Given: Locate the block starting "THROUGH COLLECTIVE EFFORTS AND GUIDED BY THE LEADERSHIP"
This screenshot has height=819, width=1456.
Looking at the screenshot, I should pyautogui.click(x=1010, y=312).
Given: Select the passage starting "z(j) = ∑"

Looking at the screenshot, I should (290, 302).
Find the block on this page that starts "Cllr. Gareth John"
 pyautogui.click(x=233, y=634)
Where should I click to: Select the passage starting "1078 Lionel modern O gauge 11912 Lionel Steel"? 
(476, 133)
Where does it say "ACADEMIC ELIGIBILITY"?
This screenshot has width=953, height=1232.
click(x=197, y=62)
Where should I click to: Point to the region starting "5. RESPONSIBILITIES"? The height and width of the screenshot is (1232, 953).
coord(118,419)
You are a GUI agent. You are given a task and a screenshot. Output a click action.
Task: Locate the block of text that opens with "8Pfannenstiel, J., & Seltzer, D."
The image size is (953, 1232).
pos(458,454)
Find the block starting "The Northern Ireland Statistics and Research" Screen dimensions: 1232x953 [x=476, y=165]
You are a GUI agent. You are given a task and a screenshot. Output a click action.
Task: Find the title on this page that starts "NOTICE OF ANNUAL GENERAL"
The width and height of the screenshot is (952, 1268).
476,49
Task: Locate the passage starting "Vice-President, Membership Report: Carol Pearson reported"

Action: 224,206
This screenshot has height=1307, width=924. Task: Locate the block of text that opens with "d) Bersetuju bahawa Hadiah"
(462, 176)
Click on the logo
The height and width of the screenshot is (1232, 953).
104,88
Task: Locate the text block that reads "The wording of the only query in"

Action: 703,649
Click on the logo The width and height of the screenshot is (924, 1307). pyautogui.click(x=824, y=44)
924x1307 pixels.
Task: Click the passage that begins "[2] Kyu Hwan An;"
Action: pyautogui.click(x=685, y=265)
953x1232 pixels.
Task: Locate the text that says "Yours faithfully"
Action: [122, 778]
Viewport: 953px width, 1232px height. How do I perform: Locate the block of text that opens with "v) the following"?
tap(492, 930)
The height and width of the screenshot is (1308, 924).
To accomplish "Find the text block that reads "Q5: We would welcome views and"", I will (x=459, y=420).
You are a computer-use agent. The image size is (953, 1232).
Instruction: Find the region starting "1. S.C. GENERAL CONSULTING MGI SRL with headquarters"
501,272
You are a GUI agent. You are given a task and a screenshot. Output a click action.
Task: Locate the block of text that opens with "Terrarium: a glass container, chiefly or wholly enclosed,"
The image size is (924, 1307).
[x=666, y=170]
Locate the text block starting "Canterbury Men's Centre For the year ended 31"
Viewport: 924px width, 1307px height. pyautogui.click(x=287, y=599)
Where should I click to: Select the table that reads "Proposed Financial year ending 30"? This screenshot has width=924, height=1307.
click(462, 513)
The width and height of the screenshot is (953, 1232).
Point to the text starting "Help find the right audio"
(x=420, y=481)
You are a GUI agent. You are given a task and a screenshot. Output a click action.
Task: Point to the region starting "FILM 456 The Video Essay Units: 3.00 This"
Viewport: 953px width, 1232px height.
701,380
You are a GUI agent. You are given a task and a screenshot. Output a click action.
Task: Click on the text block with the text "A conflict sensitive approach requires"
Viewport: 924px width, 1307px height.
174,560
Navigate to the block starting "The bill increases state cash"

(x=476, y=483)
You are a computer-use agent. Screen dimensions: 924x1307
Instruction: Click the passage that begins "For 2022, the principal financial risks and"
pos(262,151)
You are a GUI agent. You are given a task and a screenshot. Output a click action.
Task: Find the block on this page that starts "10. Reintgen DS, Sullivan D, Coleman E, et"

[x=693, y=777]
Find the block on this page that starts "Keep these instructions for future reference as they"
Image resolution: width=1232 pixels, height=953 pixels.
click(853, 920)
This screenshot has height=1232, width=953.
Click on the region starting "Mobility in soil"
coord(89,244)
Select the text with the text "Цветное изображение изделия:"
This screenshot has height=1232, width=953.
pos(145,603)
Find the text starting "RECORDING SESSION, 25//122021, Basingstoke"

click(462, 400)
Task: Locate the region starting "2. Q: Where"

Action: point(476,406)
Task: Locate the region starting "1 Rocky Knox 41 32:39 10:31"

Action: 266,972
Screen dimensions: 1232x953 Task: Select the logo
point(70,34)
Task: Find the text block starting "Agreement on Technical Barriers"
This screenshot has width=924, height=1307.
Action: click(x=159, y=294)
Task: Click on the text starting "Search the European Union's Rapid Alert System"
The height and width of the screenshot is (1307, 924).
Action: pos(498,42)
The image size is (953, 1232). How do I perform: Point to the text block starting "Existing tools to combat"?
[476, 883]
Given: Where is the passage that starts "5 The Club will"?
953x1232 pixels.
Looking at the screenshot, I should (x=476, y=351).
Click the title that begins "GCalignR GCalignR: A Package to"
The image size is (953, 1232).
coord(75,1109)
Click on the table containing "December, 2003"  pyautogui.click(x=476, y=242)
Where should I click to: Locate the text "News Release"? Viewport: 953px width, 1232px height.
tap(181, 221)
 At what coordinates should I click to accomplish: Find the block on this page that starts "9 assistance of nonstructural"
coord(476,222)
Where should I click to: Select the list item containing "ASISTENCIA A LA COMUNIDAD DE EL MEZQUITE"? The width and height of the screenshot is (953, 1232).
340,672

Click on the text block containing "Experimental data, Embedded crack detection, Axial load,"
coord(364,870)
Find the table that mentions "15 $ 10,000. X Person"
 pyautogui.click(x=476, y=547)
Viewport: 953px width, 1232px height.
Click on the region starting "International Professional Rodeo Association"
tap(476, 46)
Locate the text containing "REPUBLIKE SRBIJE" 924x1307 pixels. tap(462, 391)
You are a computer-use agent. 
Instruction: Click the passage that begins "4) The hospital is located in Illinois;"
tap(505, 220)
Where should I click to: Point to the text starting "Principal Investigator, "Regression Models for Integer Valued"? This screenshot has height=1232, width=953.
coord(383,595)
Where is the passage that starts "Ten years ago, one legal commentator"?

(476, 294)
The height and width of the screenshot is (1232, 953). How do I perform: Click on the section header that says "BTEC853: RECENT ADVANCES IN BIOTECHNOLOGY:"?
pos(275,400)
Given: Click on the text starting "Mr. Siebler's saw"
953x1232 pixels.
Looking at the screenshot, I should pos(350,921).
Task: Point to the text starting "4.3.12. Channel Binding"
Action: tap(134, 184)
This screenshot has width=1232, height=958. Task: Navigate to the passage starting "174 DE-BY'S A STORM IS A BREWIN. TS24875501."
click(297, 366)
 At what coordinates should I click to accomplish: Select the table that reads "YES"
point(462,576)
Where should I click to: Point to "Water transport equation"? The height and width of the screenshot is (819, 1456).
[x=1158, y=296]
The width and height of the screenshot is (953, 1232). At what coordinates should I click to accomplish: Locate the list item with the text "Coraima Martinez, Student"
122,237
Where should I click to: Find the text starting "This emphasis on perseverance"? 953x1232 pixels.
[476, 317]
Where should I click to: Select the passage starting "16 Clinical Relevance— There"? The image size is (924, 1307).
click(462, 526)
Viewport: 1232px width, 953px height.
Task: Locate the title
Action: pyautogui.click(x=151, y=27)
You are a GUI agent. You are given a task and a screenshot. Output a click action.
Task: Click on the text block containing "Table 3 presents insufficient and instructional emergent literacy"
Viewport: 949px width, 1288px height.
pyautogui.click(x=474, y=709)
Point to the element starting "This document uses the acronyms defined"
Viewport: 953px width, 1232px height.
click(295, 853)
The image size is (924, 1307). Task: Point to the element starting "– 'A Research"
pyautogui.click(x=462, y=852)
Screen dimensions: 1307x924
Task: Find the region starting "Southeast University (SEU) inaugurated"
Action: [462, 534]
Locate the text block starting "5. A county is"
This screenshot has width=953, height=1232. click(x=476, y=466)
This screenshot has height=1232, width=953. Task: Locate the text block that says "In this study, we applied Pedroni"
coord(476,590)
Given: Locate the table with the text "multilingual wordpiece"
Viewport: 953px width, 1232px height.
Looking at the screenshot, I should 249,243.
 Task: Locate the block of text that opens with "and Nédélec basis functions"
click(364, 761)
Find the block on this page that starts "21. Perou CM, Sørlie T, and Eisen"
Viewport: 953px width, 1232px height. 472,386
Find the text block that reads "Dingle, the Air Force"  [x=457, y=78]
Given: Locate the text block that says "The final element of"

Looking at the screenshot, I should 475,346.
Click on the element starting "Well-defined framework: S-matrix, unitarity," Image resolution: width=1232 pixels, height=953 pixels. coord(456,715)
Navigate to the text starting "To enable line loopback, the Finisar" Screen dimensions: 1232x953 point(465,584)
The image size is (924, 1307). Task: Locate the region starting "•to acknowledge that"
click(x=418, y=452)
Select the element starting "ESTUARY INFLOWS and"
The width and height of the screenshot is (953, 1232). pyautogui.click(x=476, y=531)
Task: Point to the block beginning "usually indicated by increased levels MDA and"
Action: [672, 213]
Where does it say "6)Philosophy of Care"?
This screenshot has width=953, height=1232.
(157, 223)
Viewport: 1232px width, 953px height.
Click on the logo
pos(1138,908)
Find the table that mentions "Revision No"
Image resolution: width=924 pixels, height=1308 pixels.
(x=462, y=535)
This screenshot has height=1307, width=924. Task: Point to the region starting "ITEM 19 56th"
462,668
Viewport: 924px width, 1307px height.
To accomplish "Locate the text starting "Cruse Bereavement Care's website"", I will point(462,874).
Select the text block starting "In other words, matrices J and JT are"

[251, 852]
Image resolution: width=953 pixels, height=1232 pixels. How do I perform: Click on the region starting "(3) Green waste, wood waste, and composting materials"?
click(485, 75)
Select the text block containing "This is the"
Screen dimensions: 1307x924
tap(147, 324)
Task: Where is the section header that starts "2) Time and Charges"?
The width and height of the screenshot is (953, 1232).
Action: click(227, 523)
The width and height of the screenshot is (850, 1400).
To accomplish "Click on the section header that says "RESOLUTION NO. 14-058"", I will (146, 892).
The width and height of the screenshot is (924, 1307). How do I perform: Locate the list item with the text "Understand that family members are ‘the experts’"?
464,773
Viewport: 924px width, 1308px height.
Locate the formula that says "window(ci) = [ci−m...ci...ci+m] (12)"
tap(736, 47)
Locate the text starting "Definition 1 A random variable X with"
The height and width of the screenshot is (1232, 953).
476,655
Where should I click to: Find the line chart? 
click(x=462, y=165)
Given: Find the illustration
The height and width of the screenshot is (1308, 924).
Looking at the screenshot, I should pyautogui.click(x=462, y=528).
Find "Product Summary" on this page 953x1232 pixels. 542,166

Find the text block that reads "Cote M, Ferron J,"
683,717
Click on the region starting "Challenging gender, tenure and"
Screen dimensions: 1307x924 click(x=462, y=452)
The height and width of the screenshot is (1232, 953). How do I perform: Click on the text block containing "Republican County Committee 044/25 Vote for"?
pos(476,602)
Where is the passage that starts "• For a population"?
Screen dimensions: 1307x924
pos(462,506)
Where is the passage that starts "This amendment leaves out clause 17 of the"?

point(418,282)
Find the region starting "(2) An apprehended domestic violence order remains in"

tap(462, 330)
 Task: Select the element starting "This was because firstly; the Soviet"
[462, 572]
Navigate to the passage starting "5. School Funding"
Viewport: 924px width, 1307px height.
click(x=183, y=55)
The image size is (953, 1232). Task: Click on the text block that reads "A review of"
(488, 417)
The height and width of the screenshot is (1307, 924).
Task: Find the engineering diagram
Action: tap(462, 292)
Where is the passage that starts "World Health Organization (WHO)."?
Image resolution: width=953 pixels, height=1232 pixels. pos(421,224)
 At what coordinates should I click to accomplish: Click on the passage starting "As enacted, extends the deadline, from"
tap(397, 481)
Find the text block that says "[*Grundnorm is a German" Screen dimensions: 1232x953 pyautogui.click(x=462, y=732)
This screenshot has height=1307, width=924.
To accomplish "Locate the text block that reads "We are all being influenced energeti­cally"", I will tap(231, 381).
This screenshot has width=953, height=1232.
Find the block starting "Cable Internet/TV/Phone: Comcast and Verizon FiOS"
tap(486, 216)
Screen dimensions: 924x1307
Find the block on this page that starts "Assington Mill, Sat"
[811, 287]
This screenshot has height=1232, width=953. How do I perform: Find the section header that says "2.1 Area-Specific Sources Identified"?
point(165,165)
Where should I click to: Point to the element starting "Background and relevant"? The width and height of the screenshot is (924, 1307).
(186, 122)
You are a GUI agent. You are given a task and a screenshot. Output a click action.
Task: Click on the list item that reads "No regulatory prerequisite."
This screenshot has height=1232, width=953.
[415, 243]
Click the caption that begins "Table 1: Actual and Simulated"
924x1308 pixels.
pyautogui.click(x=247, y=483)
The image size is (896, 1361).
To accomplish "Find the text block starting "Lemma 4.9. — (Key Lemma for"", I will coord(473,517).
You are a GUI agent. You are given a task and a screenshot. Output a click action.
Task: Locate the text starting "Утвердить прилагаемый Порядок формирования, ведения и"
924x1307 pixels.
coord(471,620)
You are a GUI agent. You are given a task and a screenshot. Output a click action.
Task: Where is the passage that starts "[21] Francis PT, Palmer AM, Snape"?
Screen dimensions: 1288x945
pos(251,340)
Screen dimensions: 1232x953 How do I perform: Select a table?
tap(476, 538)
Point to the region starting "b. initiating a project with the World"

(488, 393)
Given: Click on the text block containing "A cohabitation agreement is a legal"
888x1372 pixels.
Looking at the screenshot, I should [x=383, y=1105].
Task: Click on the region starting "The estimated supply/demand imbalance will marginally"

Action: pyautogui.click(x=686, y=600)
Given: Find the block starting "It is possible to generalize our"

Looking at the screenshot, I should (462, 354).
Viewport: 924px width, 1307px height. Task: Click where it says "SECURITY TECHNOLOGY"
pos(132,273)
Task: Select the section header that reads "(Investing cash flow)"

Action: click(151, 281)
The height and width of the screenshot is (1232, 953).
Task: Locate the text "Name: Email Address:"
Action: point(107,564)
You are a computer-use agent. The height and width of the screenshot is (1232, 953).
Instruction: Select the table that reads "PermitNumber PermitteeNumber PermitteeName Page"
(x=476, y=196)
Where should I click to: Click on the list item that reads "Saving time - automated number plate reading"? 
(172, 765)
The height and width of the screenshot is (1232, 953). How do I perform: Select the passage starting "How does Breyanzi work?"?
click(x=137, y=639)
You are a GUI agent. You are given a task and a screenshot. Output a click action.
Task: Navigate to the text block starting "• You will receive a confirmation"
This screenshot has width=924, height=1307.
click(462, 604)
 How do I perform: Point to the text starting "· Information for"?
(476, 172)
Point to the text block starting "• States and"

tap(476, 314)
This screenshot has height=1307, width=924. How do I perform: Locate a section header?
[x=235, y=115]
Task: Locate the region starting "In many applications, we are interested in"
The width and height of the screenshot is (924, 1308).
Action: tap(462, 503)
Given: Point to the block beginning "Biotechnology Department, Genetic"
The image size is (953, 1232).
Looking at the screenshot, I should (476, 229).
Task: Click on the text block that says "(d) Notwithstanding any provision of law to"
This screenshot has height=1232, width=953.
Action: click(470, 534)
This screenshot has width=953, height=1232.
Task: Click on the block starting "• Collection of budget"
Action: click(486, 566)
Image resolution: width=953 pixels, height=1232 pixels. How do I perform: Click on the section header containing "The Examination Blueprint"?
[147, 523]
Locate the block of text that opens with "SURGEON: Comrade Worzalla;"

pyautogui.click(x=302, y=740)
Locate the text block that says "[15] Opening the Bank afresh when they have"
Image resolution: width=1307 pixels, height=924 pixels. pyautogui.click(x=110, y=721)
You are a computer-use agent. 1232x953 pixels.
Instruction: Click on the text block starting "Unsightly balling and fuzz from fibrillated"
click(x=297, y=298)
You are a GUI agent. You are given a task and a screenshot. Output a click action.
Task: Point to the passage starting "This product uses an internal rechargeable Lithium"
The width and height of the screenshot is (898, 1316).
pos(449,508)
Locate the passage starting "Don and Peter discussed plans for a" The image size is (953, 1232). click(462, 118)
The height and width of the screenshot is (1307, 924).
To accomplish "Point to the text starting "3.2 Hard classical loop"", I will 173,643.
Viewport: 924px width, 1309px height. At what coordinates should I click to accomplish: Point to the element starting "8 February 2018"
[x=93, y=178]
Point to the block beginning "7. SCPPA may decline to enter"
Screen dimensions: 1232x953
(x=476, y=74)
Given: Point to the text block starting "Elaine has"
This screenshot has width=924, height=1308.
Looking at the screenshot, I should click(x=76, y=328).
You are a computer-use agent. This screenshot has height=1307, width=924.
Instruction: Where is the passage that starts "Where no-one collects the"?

• • • •

■ **The problem**: Each line above that carries the string "uses" has to be returned.

■ **Completed exercise**:
Point to the element starting "This document uses the acronyms defined"
Task: Point to the passage starting "This product uses an internal rechargeable Lithium"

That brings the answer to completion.